For patients whose non-small cell lung cancer is transformed into small cell lung cancer through EGFR-targeted drug resistance, most of them are currently treated individually based on the patient’s own conditions.

Although most of the transformed tumor tissues still carry EGFR gene mutations, the EGFR gene no longer leads the production of protein, so the targeted drugs acting on the protein lose their effectiveness.

·For the standard treatment of extensive-stage SCLC, the first-line treatment is mainly platinum-containing dual-agent chemotherapy, mainly etoposide + cisplatin/carboplatin, irinotecan + cisplatin/carboplatin;

The second-line treatment is topotecan;

In addition, targeted therapy and immunotherapy are also available. On March 18, 2019, the US FDA approved atelizumab in combination with carboplatin and etoposide for the first-line treatment of patients with extensive-stage small cell lung cancer.


For the treatment of transforming small cell lung cancer, there are also relevant content updates at the recent 2021 CSCO guidelines conference.

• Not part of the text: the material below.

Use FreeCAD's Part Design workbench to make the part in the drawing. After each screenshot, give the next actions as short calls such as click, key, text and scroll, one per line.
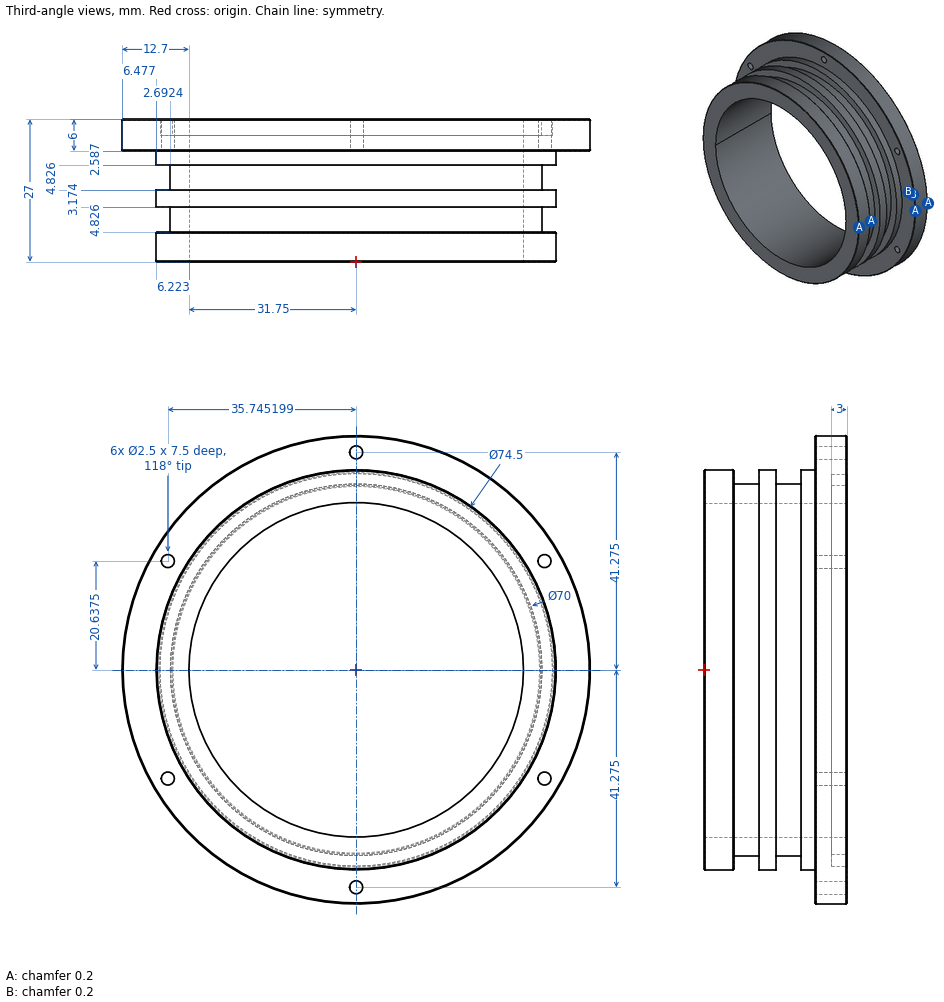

Although the incidence of non-small cell lung cancer transforming into small cell lung cancer is very low, who can guarantee that it will not happen?

Therefore, for high-risk groups of small cell lung cancer, more frequent monitoring is needed, and the tissues should be retaken for pathology in the early stage of progression. When there are difficulties in the treatment process and the effect of multiple dressing changes is not good, a needle biopsy is needed in time to see if there is any conversion of non-small cell lung cancer to small cell lung cancer, so that the treatment plan can be adjusted in time.